Professional services firm BDO Seidman, LLP surveyed CFOs at oil and gas E&P companies to get a read on what to expect for 2010. According to Seidman's press release, 40% of CFOs don't expect access to credit to improve until the second half of next year, and more than 30% believe credit access won't improve until 2011 or 2012.

The main impact of that finding will be on capital spending. Big oil companies like Exxon Mobil (XOM),ConocoPhillips (COP) and Chevron (CVX) have all announced either reduced or flat capital spending for 2010. Smaller producers will also cut spending in an effort to preserve cash and improve free cash flow numbers.

Constrained capital spending affects more than just producers, of course. Oilfield service companies likeSchlumberger (SLB), Halliburton (HAL) and Baker Hughes (BHI) also face potential declines. For domestic U.S. production, lower capex affects local and state economies by eliminating jobs and lowering tax revenues.

Producers are also worried about legislative changes and complained that few federal stimulus dollars benefitted the energy industry. The primary legislative change would be adoption of some method of pricing carbon. Exxon CEO and Chairman Rex Tillerson probably spoke for many producer executives when he came out in favor of a carbon tax as opposed to a market-based cap-and-trade system.

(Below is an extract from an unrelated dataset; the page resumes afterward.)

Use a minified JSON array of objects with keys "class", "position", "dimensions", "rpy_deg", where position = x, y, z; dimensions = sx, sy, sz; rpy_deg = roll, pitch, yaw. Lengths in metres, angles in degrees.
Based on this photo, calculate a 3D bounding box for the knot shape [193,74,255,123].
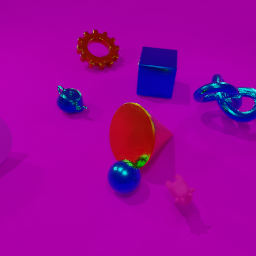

Certainly a defined tax rate for carbon is less volatile than a market-based system, but it is unlikely that the U.S. Congress could gather up the courage it would require to establish such a tax.

If any legislative changes are forthcoming for energy producers in 2010, they won't find out what they are until the second half of the year given all the other things Congress has to fight about. And unless unemployment numbers begin to fall, demand for gasoline will not improve, further moderating prices for both crude oil and gasoline. If that happens, access to credit could remain difficult, keeping pressure on capital spending.

The CFOs in the Seidman survey have it about right on prospects for 2010. It's not a pretty picture.